Tsaabit berkata, “Apakah dibenarkan hal ini wahai Rasulullah?”, Nabi berkata, “Benar”. Tsabit
berkata, “Aku telah memberikan kepadanya mahar berupa dua kebun, dan keduanya berada
padanya”. Maka Nabi shallallahu ‘alaihi wa sallam berkata, “Ambilah kedua kebun tersebut dan
berpisalah dengannya”. (HR Abu Dawud no 2230, dan dishahihkan oleh Syaikh Al-Albani)

Dari riwayat-riwayat yang ada, seakan-akan ada pertentangan, karena sebagian riwayat
menunjukkan bahwa istri Tsabit meminta cerai karena perangai Tsaabit yang telah memukulnya
hingga menyebabkan patah tangan. Dan sebagian riwayat yang lain sangat jelas dan tegas
bahwa sang istri tidak mencela akhlak dan agama Tsaabit, akan yang dikeluhkan ada kondisi
tubuh Tsaabit yang hitam, pendek, dan buruk rupa.

Ibnu Hajar menjamak kedua model riwayat diatas dengan menyebutkan suatu riwayat dimana
istri Tsabit berkata :

‫وهللا ما أعتب على ثابت في دين وال خلق ولكني أكره الكفر في اْلسالم ال أطيقه بغضا‬

“Demi Allah aku tidak mencela Tsabit karena agamanya dan juga akhlaknya, akan tetapi aku
takutkan kekufuran dalam Islam, aku tidak sanggup dengannya karena aku membencinya” (HR
Ibnu Maajah no 1673 dan dishahihkan oleh Al-Albani)

‫لكن تقدم من رواية النسائي أنه كسر يدها فيحمل على أنها أرادت أنه سيء الخلق لكنها ما تعيبه بذلك بل بشيء آخر … لكن لم تشكه‬
‫واحدة منهما بسبب ذلك بل وقع التصريح بسبب آخر وهو أنه كان دميم الخلقة‬

“Akan tetapi telah lalu dalam riwayat An-Nasaai bahwasanya Tsaabit mematahkan tangan sang
istri, maka dibawakan kepada makna bahwasanya sang istri ingin mengatakan bahwa Tsabit
buruk akhlaknya akan tetapi ia tidak mencela Tsaabit karena hal itu, akan tetapi karena perkara
yang lain…tidak seorangpun dari kedua istrinya (Jamilah maupun Habibah) yang mencela Tsabit
karena “sebab mematahkan tulang”, akan tetapi telah datang penjelasan yang tegas akan sebab
yang lain, yaitu perawakan Tsaabit buruk” (Fathul Baari 9/400)

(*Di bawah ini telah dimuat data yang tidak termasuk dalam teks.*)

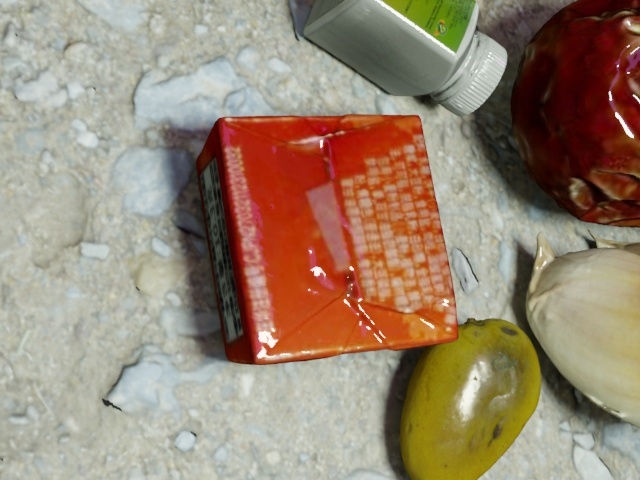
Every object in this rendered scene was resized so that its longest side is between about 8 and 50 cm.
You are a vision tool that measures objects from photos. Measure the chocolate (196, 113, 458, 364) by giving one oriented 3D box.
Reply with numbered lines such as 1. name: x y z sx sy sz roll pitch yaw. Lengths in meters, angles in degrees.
1. chocolate: 0.000 0.000 1.387 0.235 0.108 0.237 -5 81 -31

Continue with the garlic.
1. garlic: 0.397 0.072 1.508 0.249 0.313 0.286 53 47 -33

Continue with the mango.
1. mango: 0.150 0.168 1.435 0.137 0.098 0.195 31 69 -24

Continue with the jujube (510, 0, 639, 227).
1. jujube: 0.383 -0.140 1.545 0.377 0.276 0.276 9 73 -25

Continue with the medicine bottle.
1. medicine bottle: 0.095 -0.214 1.479 0.188 0.132 0.088 32 63 -20
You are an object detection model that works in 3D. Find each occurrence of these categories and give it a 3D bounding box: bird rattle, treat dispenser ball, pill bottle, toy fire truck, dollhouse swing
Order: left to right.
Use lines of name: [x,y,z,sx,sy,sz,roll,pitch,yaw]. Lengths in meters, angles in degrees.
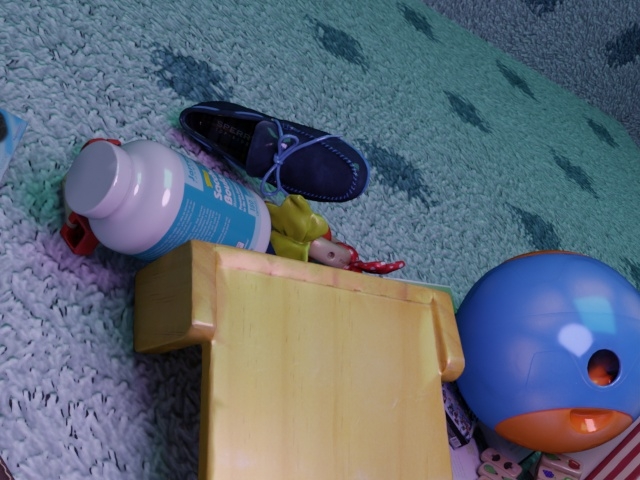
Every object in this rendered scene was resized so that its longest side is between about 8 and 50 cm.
toy fire truck: [-0.308,-0.067,1.125,0.135,0.047,0.192,1,49,-47]
pill bottle: [-0.194,-0.038,1.049,0.264,0.146,0.146,26,31,-52]
dollhouse swing: [-0.038,0.191,0.986,0.347,0.315,0.305,12,72,-26]
bird rattle: [0.000,0.000,1.306,0.253,0.143,0.207,17,15,-31]
treat dispenser ball: [0.330,0.156,1.163,0.288,0.288,0.288,29,33,-21]

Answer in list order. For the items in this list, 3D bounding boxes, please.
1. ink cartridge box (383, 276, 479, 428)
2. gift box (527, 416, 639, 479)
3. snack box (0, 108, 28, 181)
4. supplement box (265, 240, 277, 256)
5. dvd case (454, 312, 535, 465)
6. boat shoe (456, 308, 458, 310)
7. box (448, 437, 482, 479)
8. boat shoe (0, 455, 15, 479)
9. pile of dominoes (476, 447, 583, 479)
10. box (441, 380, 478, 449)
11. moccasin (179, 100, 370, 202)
ink cartridge box: [0.164,0.182,1.279,0.171,0.056,0.235,10,57,-41]
gift box: [0.497,0.383,1.255,0.255,0.258,0.276,31,13,-30]
snack box: [-0.474,-0.078,0.939,0.187,0.060,0.322,27,34,-23]
supplement box: [-0.113,0.031,1.180,0.056,0.083,0.083,17,38,-46]
dvd case: [0.287,0.226,1.319,0.180,0.022,0.253,-14,76,-48]
boat shoe: [0.279,0.217,1.407,0.228,0.069,0.081,47,15,-7]
box: [0.112,0.346,1.071,0.322,0.058,0.232,21,36,-33]
boat shoe: [-0.248,0.305,0.671,0.123,0.123,0.342,16,37,-58]
pile of dominoes: [0.292,0.368,1.071,0.196,0.040,0.251,19,29,13]
box: [0.179,0.224,1.194,0.137,0.027,0.094,55,28,-4]
moccasin: [-0.088,-0.136,1.333,0.342,0.137,0.117,19,14,25]
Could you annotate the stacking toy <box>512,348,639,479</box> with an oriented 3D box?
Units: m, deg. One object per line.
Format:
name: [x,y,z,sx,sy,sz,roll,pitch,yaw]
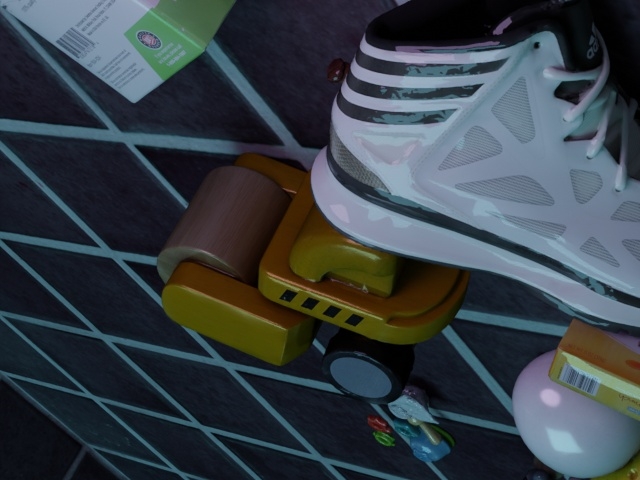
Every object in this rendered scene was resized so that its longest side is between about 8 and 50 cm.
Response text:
stacking toy: [0.372,0.244,1.488,0.480,0.350,0.351,30,160,-22]

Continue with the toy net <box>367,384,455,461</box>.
toy net: [0.127,0.251,2.293,0.122,0.045,0.232,24,156,18]

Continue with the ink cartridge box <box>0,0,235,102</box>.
ink cartridge box: [-0.226,-0.271,1.496,0.273,0.114,0.198,36,157,-16]

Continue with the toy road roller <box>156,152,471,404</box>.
toy road roller: [0.000,0.000,1.712,0.330,0.202,0.240,20,145,9]

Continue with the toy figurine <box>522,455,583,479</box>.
toy figurine: [0.372,0.365,2.117,0.209,0.148,0.213,46,156,-22]

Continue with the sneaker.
sneaker: [0.229,-0.076,1.290,0.448,0.169,0.257,12,137,-3]

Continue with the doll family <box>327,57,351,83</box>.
doll family: [0.072,-0.146,1.450,0.111,0.076,0.193,14,156,-13]

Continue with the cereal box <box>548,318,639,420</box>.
cereal box: [0.321,0.066,1.392,0.173,0.240,0.047,23,137,14]
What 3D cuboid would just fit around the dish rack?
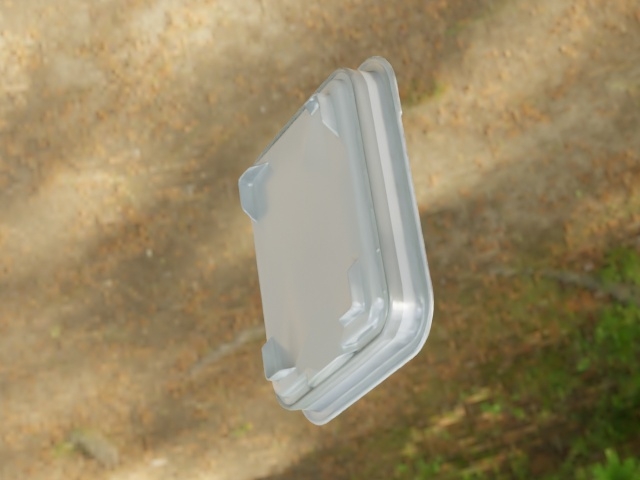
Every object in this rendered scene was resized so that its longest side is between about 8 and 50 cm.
[{"bbox_3d":[0.000,0.000,1.621,0.072,0.333,0.285,6,151,-29],"label":"dish rack"}]
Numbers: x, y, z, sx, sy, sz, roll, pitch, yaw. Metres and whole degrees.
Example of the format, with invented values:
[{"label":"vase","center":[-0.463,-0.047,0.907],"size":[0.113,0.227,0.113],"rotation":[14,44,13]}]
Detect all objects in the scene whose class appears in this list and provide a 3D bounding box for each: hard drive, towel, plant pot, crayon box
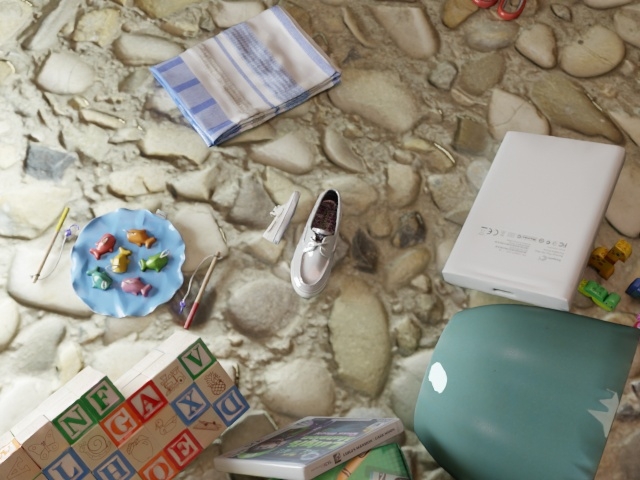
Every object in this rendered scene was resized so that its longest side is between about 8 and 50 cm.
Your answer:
[{"label":"hard drive","center":[0.348,-0.042,1.313],"size":[0.203,0.040,0.307],"rotation":[13,59,29]},{"label":"towel","center":[-0.129,-0.299,1.441],"size":[0.285,0.034,0.209],"rotation":[-31,69,-19]},{"label":"plant pot","center":[0.265,0.218,1.088],"size":[0.235,0.293,0.293],"rotation":[18,61,21]},{"label":"crayon box","center":[-0.028,0.352,1.044],"size":[0.278,0.165,0.081],"rotation":[-13,65,-12]}]

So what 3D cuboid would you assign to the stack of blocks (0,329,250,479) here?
[{"label":"stack of blocks","center":[-0.262,0.248,1.071],"size":[0.297,0.087,0.171],"rotation":[-40,110,-23]}]

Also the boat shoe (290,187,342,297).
[{"label":"boat shoe","center":[0.000,0.000,1.283],"size":[0.066,0.063,0.184],"rotation":[20,63,4]}]

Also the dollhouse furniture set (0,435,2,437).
[{"label":"dollhouse furniture set","center":[-0.488,0.296,1.066],"size":[0.151,0.076,0.058],"rotation":[-3,27,-6]}]

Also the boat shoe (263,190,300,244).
[{"label":"boat shoe","center":[-0.064,-0.042,1.316],"size":[0.035,0.035,0.100],"rotation":[24,70,3]}]

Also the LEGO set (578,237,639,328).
[{"label":"LEGO set","center":[0.470,0.057,1.286],"size":[0.227,0.093,0.087],"rotation":[37,65,13]}]

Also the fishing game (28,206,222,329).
[{"label":"fishing game","center":[-0.296,0.028,1.253],"size":[0.264,0.041,0.189],"rotation":[20,65,4]}]

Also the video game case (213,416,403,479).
[{"label":"video game case","center":[-0.017,0.265,1.053],"size":[0.173,0.190,0.022],"rotation":[-15,92,-42]}]

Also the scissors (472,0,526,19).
[{"label":"scissors","center":[0.380,-0.560,1.636],"size":[0.109,0.021,0.297],"rotation":[18,62,6]}]
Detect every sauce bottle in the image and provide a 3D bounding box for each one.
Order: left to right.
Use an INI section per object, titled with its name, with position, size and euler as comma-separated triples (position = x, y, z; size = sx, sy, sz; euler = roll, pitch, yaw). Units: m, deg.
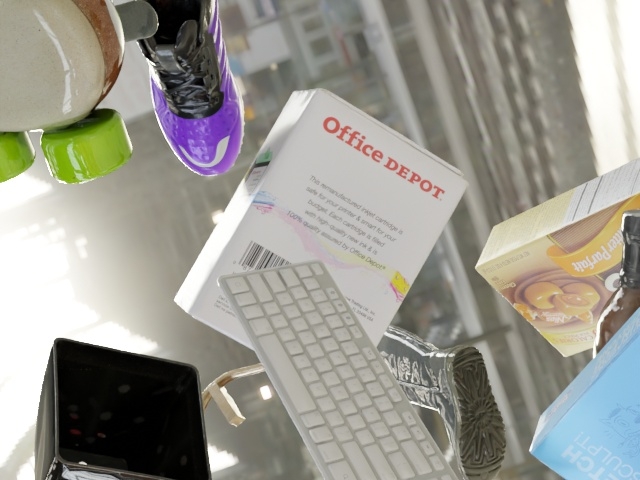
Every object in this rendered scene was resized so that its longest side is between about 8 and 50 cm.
[sauce bottle]
position = 0.350, 0.140, 1.496
size = 0.111, 0.111, 0.345
euler = -86, 0, -82

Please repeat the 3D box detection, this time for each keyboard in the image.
[keyboard]
position = 0.022, 0.103, 0.767
size = 0.256, 0.072, 0.014
euler = 58, 140, 38

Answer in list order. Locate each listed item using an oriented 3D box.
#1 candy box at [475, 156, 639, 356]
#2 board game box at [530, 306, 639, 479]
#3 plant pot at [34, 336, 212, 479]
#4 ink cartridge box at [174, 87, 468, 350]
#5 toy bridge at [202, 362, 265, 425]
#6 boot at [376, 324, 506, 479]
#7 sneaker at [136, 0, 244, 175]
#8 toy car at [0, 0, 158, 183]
[candy box]
position = 0.365, 0.017, 1.678
size = 0.183, 0.316, 0.088
euler = 43, -131, -17
[board game box]
position = 0.350, 0.156, 0.998
size = 0.316, 0.242, 0.064
euler = 36, -152, 2
[plant pot]
position = -0.253, 0.254, 1.644
size = 0.167, 0.187, 0.188
euler = -58, 30, 34
[ink cartridge box]
position = 0.000, 0.000, 1.513
size = 0.201, 0.278, 0.117
euler = 30, 178, -16
[toy bridge]
position = -0.121, 0.209, 1.772
size = 0.063, 0.188, 0.026
euler = 53, -172, 30
[boot]
position = 0.143, 0.204, 1.749
size = 0.208, 0.076, 0.190
euler = -3, 95, 60
[sneaker]
position = -0.154, -0.200, 1.512
size = 0.146, 0.102, 0.294
euler = -77, -21, -70
[toy car]
position = -0.160, -0.144, 0.867
size = 0.188, 0.148, 0.155
euler = -50, -49, -50
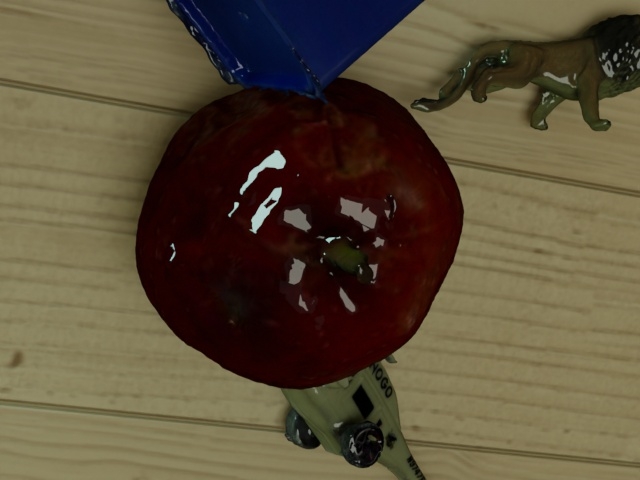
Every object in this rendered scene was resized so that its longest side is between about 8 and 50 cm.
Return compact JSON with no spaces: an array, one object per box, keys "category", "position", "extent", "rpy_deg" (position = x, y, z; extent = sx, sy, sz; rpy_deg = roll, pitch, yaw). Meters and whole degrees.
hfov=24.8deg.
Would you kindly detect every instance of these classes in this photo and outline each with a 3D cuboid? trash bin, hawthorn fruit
[{"category":"trash bin","position":[0.021,-0.206,0.952],"extent":[0.234,0.162,0.184],"rpy_deg":[-48,120,-18]},{"category":"hawthorn fruit","position":[0.000,0.000,0.997],"extent":[0.230,0.266,0.210],"rpy_deg":[-41,112,-9]}]

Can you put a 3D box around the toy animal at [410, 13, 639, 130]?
[{"category":"toy animal","position":[0.171,-0.118,1.123],"extent":[0.220,0.069,0.086],"rpy_deg":[-13,93,-18]}]

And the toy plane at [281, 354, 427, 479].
[{"category":"toy plane","position":[0.049,0.157,1.188],"extent":[0.108,0.092,0.286],"rpy_deg":[-47,118,-24]}]
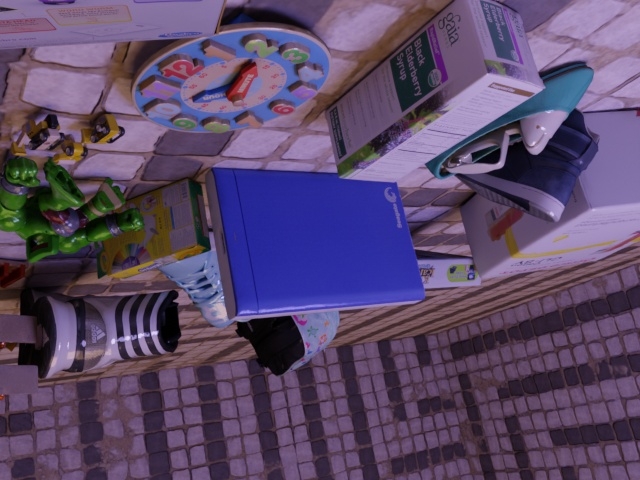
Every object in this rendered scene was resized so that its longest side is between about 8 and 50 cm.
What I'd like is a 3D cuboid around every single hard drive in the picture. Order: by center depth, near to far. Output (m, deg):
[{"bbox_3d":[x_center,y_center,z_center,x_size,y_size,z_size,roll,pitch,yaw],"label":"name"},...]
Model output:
[{"bbox_3d":[0.000,0.000,0.934,0.319,0.210,0.040,-1,160,-33],"label":"hard drive"}]

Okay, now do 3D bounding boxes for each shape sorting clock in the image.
[{"bbox_3d":[-0.088,-0.157,0.647,0.206,0.040,0.206,-11,164,-3],"label":"shape sorting clock"}]

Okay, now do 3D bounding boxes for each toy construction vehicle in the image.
[{"bbox_3d":[-0.276,-0.114,0.686,0.098,0.035,0.086,-22,172,38],"label":"toy construction vehicle"}]

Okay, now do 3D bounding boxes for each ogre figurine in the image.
[{"bbox_3d":[-0.331,-0.034,0.797,0.118,0.096,0.197,-30,170,17],"label":"ogre figurine"}]

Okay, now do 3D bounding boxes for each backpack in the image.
[{"bbox_3d":[-0.072,0.182,1.498,0.191,0.225,0.253,-29,168,-28],"label":"backpack"}]

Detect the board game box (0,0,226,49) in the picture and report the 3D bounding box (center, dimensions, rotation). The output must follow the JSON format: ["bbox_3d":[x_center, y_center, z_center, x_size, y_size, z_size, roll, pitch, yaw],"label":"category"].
[{"bbox_3d":[-0.158,-0.143,0.284,0.242,0.064,0.316,-8,-170,-12],"label":"board game box"}]

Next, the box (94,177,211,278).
[{"bbox_3d":[-0.249,-0.011,0.913,0.179,0.105,0.043,-16,163,17],"label":"box"}]

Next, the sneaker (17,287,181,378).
[{"bbox_3d":[-0.404,0.172,1.165,0.258,0.169,0.447,2,175,-31],"label":"sneaker"}]

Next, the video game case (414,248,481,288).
[{"bbox_3d":[0.149,0.053,1.311,0.244,0.061,0.269,1,-176,-34],"label":"video game case"}]

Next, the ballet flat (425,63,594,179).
[{"bbox_3d":[0.251,-0.144,0.849,0.247,0.087,0.083,-22,161,30],"label":"ballet flat"}]

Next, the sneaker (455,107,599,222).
[{"bbox_3d":[0.294,-0.133,0.926,0.086,0.163,0.226,28,-178,-40],"label":"sneaker"}]

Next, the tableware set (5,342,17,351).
[{"bbox_3d":[-0.618,0.146,1.153,0.024,0.154,0.104,-52,180,-22],"label":"tableware set"}]

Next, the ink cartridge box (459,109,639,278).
[{"bbox_3d":[0.462,-0.069,1.120,0.279,0.160,0.384,-7,164,-14],"label":"ink cartridge box"}]

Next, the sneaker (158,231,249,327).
[{"bbox_3d":[-0.195,0.083,1.187,0.135,0.150,0.366,-17,163,15],"label":"sneaker"}]

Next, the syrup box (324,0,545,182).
[{"bbox_3d":[0.115,-0.155,0.702,0.096,0.093,0.237,1,160,-36],"label":"syrup box"}]

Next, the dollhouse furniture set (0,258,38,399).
[{"bbox_3d":[-0.535,0.155,0.993,0.262,0.259,0.135,-22,158,32],"label":"dollhouse furniture set"}]
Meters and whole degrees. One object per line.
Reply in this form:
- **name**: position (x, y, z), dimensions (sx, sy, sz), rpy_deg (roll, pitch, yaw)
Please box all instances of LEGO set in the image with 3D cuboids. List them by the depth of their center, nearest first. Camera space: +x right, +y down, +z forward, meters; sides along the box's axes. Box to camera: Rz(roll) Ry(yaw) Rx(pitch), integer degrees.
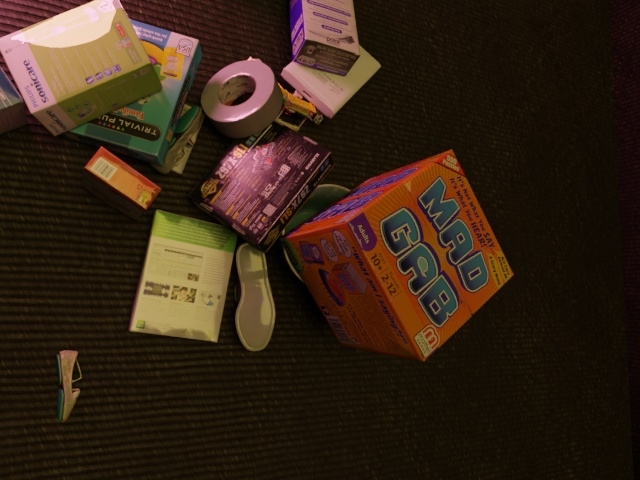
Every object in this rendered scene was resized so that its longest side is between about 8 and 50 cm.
- **LEGO set**: position (-0.126, -0.424, 1.489), dimensions (0.287, 0.107, 0.132), rpy_deg (30, 37, -17)

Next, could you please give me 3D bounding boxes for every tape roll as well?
- **tape roll**: position (-0.218, -0.394, 1.356), dimensions (0.219, 0.219, 0.072), rpy_deg (-63, 154, -18)

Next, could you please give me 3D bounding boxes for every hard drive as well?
- **hard drive**: position (0.041, -0.540, 1.547), dimensions (0.203, 0.040, 0.307), rpy_deg (41, 57, -4)

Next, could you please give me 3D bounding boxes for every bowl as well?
- **bowl**: position (0.000, 0.000, 1.452), dimensions (0.311, 0.163, 0.312), rpy_deg (3, 83, -26)

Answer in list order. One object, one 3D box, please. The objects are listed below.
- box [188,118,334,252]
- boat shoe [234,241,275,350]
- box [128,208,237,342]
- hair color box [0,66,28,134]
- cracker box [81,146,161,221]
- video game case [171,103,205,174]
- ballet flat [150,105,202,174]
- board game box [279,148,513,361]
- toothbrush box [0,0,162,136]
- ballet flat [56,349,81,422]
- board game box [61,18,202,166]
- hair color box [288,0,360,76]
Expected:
- **box**: position (-0.157, -0.165, 1.328), dimensions (0.257, 0.079, 0.322), rpy_deg (32, 77, 21)
- **boat shoe**: position (-0.186, 0.155, 1.378), dimensions (0.114, 0.091, 0.303), rpy_deg (1, 86, -8)
- **box**: position (-0.363, 0.099, 1.314), dimensions (0.232, 0.058, 0.322), rpy_deg (14, 79, -26)
- **hair color box**: position (-0.828, -0.246, 1.041), dimensions (0.347, 0.174, 0.105), rpy_deg (-36, 102, -26)
- **cracker box**: position (-0.484, -0.126, 1.174), dimensions (0.155, 0.232, 0.067), rpy_deg (37, 71, -19)
- **video game case**: position (-0.447, -0.309, 1.332), dimensions (0.212, 0.023, 0.193), rpy_deg (24, 74, -23)
- **ballet flat**: position (-0.378, -0.269, 1.320), dimensions (0.213, 0.072, 0.068), rpy_deg (-58, 137, -19)
- **board game box**: position (0.184, 0.040, 1.251), dimensions (0.356, 0.356, 0.357), rpy_deg (-34, 101, -26)
- **toothbrush box**: position (-0.552, -0.408, 1.138), dimensions (0.283, 0.122, 0.206), rpy_deg (-29, 81, -12)
- **ballet flat**: position (-0.599, 0.347, 1.166), dimensions (0.052, 0.057, 0.168), rpy_deg (0, 85, -37)
- **board game box**: position (-0.478, -0.387, 1.245), dimensions (0.253, 0.079, 0.336), rpy_deg (15, 76, -3)
- **hair color box**: position (0.005, -0.693, 1.513), dimensions (0.185, 0.110, 0.339), rpy_deg (7, 63, -25)
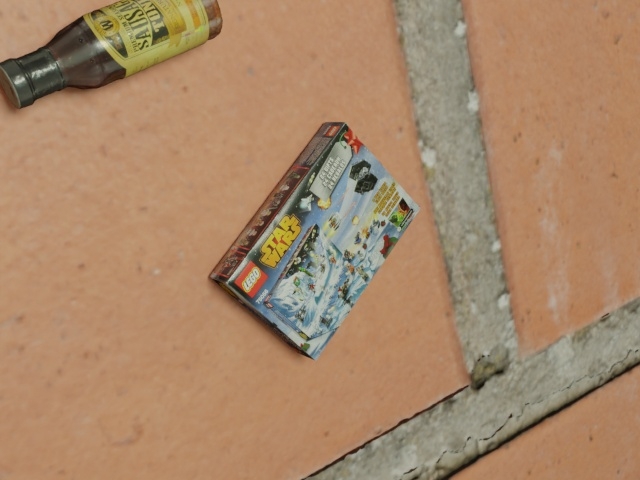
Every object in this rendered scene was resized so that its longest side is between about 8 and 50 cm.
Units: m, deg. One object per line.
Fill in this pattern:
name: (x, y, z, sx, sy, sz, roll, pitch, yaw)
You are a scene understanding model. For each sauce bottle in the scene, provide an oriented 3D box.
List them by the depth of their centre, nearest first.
sauce bottle: (-0.117, -0.110, 0.464, 0.128, 0.042, 0.042, -34, 114, -27)

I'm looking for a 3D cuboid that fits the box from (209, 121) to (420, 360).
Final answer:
box: (0.000, 0.000, 0.565, 0.094, 0.027, 0.137, 46, 72, -31)
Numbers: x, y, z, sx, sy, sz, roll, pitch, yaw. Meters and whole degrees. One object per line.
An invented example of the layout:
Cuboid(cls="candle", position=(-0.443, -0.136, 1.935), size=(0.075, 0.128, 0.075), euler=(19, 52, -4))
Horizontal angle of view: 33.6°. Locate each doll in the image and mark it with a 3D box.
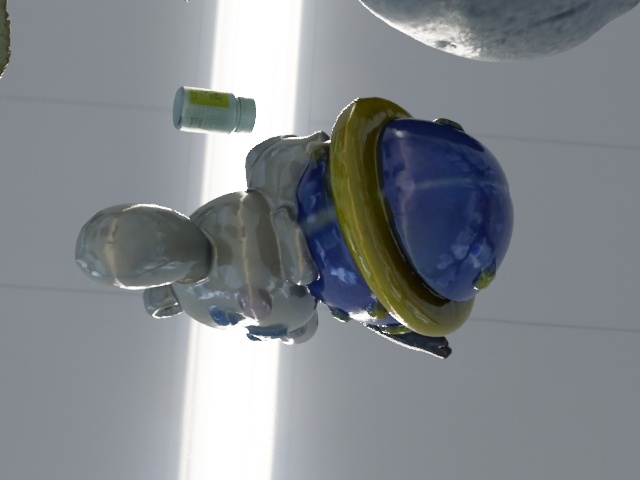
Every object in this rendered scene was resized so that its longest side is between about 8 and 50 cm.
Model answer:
Cuboid(cls="doll", position=(-0.012, -0.016, 0.691), size=(0.243, 0.311, 0.159), euler=(-5, -99, 32))

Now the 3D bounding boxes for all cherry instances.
Cuboid(cls="cherry", position=(0.139, -0.273, 0.854), size=(0.296, 0.218, 0.255), euler=(32, -98, -24))

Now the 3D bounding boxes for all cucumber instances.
Cuboid(cls="cucumber", position=(0.083, 0.096, 1.163), size=(0.135, 0.033, 0.034), euler=(29, -117, 33))

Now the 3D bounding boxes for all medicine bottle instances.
Cuboid(cls="medicine bottle", position=(-0.113, -0.137, 1.129), size=(0.083, 0.047, 0.047), euler=(3, -100, -22))

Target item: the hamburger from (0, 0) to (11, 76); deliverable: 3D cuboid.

Dari sinilah para ulama menyatakan bahwa diantara salah satu sebab yang membolehkan
seorang wanita meminta khulu’ adalah jika sang suami buruk rupa, dan sang istri sama sekali
tidak bisa mencintai sang suami. Dan jika sudah tidak cinta maka sulit untuk meraih kebahagiaan
dan kasih sayang yang merupakan salah satu dari tujuan pernikahan. Wallahu A’lam.